A vacant lot on Route 50 adjacent to Socha Plaza will be filled with a $10 million-plus commercial and residential project.
The Glenville Planning and Zoning Commission approved a plan by developer William Socha to construct a 60,000-square-foot, three-story building on a nearly 10-acre parcel.
Construction is set to begin in the spring. Shady Lane Realty Inc. Vice President Grant Socha said he is “psyched” about the project.
“It’s great. We’re getting through this and we’ll start getting bids lined up,” he said.
The plan calls for retail and restaurant space on the first floor, office space on the second floor and 17 apartments on the third. Twelve of the apartments would be corporate apartments for extended-stay business travelers and the other five would be luxury apartments.
No commercial tenants have been named.
“We have nothing finalized, but we’re talking to quite a few people and getting a lot of positive inquiries,” Socha said.
Engineer Gavin Vuillaume said the first floor will contain 3,600 square feet of dining space, possibly some combination of a 200-seat restaurant and a deli. Also, once the restaurant is named, Socha will have to go back to the Zoning Board of Appeals for a conditional use permit, as is required by all restaurant proposals in town.
A medical office had been previously mentioned as a possible tenant for the second-floor space.
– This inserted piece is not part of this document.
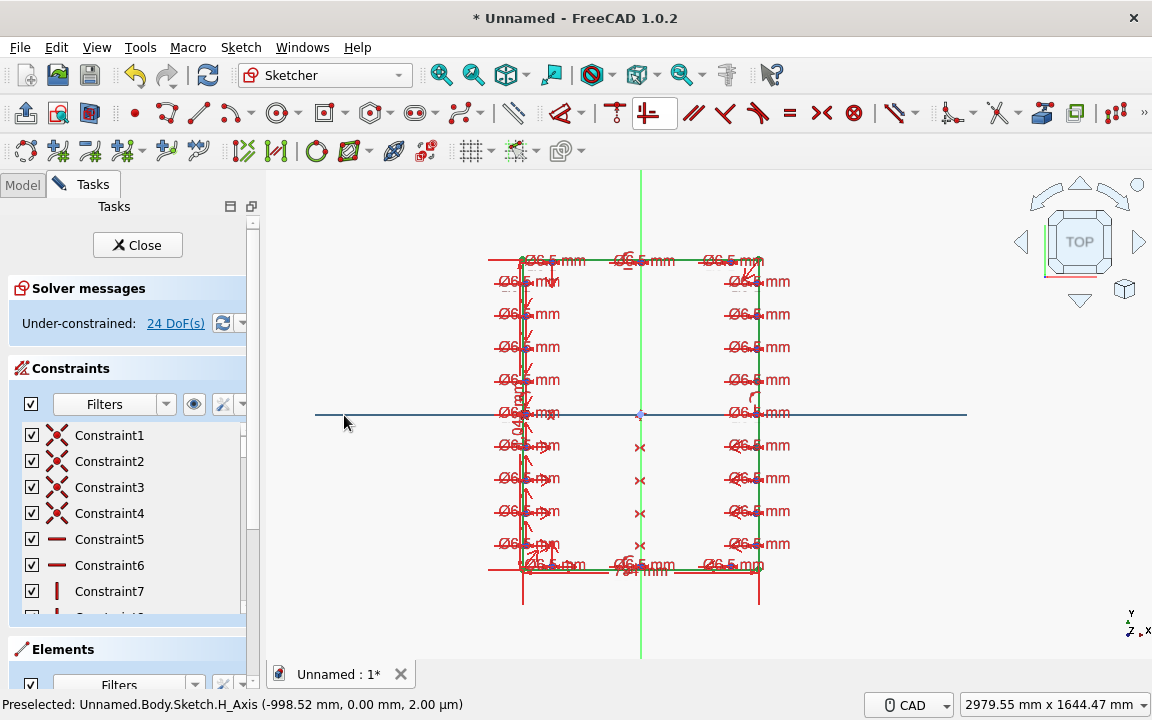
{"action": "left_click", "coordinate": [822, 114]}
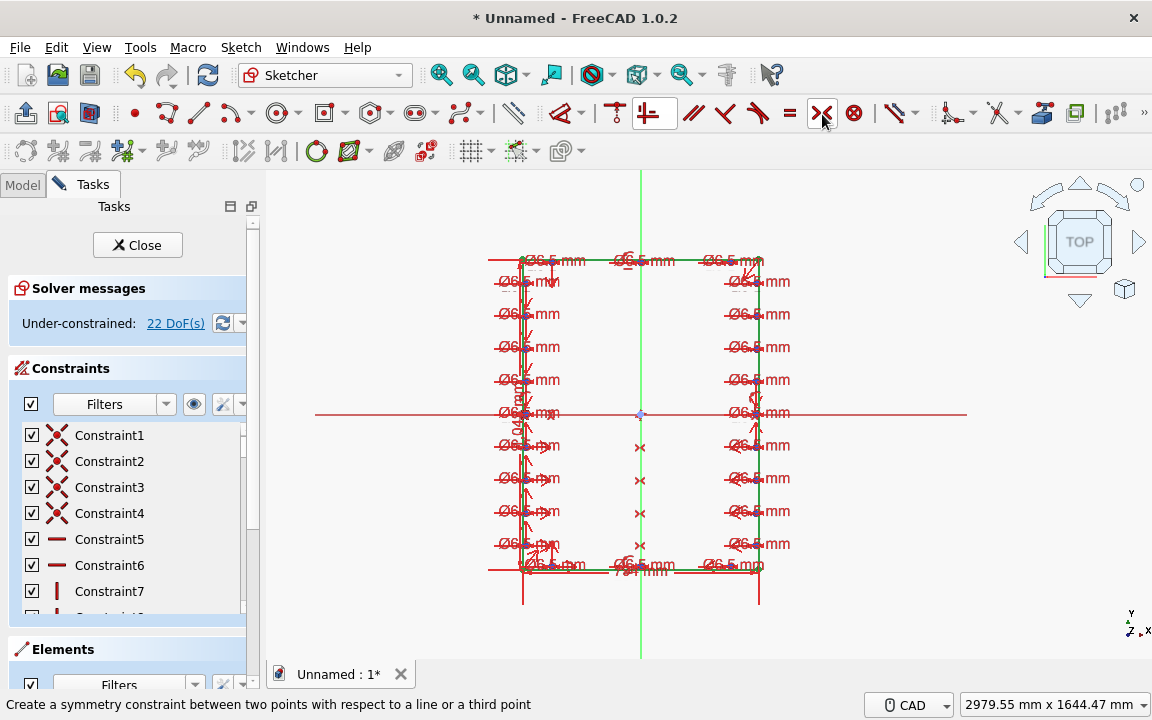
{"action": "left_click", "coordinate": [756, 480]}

Vuillaume said he tweaked the drainage plan in response to concern from some neighbors. Less stormwater will be flowing to the rear of the property in the new design and most will be collected in the dry swale in front of the property.
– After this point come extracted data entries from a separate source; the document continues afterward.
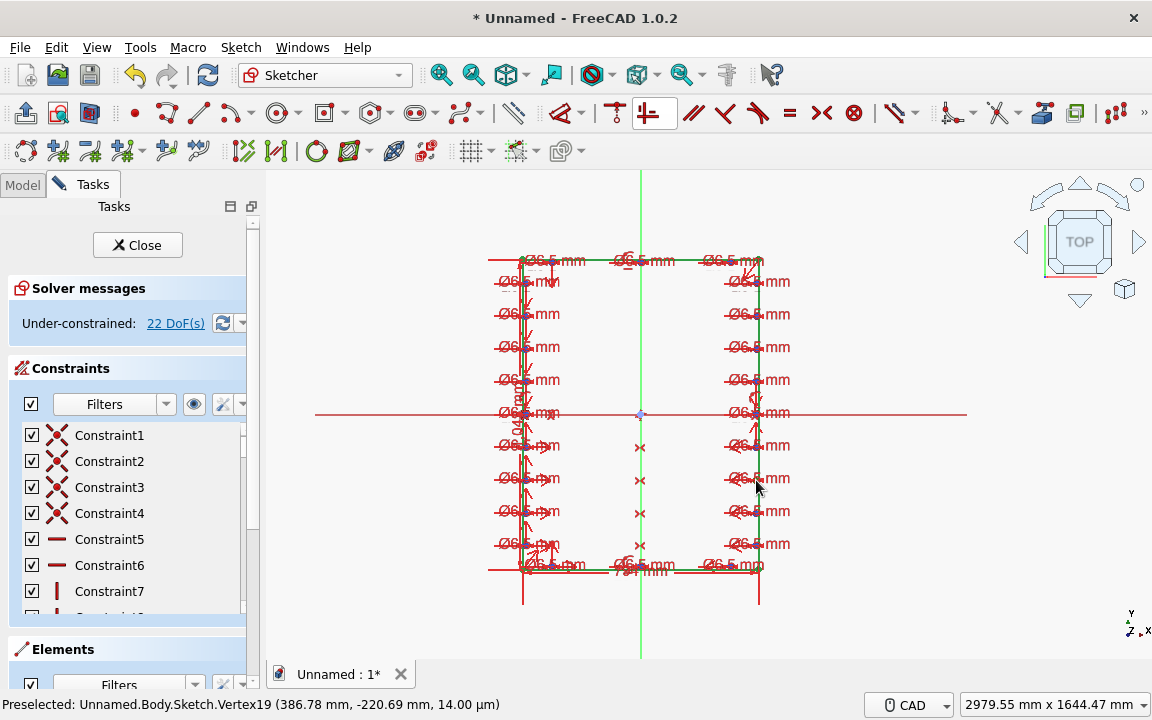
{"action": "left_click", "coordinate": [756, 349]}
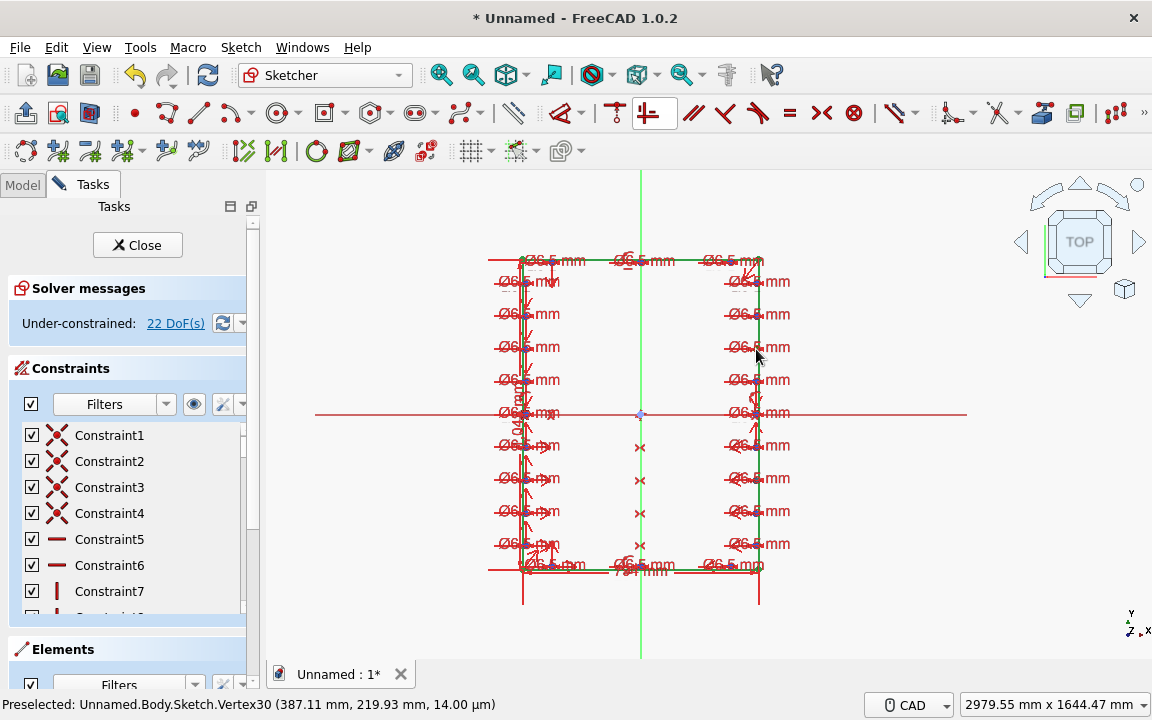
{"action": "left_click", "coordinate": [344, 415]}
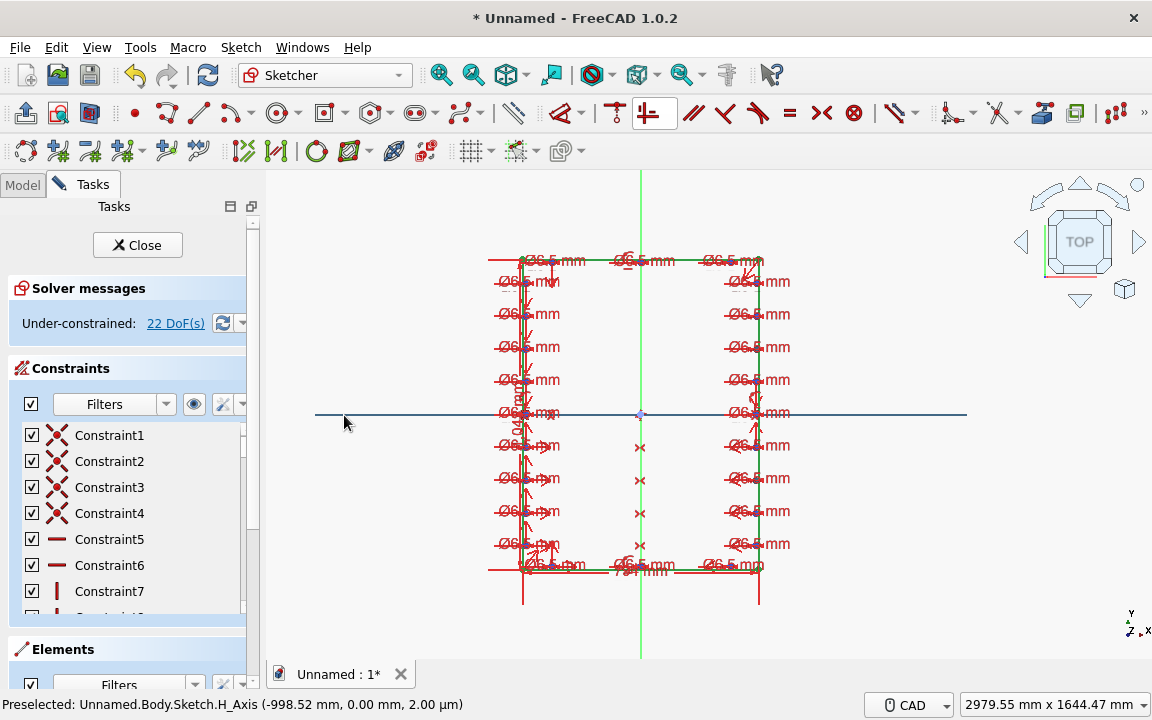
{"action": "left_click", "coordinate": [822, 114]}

“We had that 3- or 4-inch rain about a month ago and it’s still dry. I think things are working good,” he said.
Vuillaume said the development will look different from anything else in Glenville. Project officials have said previously that this would be a “New Urbanism” design that reflects a walkable community with internal sidewalks throughout the entire complex and a tree-lined street with parallel parking for the road that runs through the development. There will be attractive signs for the retailers and restaurants on the first floor.
Chairman Michael Carr said it will make a nice addition to the town. “Make it look pretty,” he said.
The developer had to clear several hurdles to get to this point, including obtaining variances from the Zoning Board of Appeals to exceed the town’s 35-foot height limit with a 40-foot-tall building, to allow the parking for the building to be closer to the adjacent property line than required under zoning, and to allow less landscaping than required.
In other business, the commission granted preliminary approval to a plan to establish a micro-brewery in the Glenville Grange building at 2035 West Glenville Road. The operation would make less than 1,000 barrels of beer initially.
One of the partners in the project, Jordan White, said they will still have to obtain permits from the New York State Liquor Authority. They will start that process once they get all the town approvals.
A public hearing and final approval will take place at the commission’s next meeting on Nov. 19 at 7 p.m.
The Town Board earlier this year changed the zoning ordinance to allow people to brew up to 10,000 barrels of beer and make up to 2,000 barrels of wine a year in the rural and agricultural, community business, general business and research/development/technology zoning districts.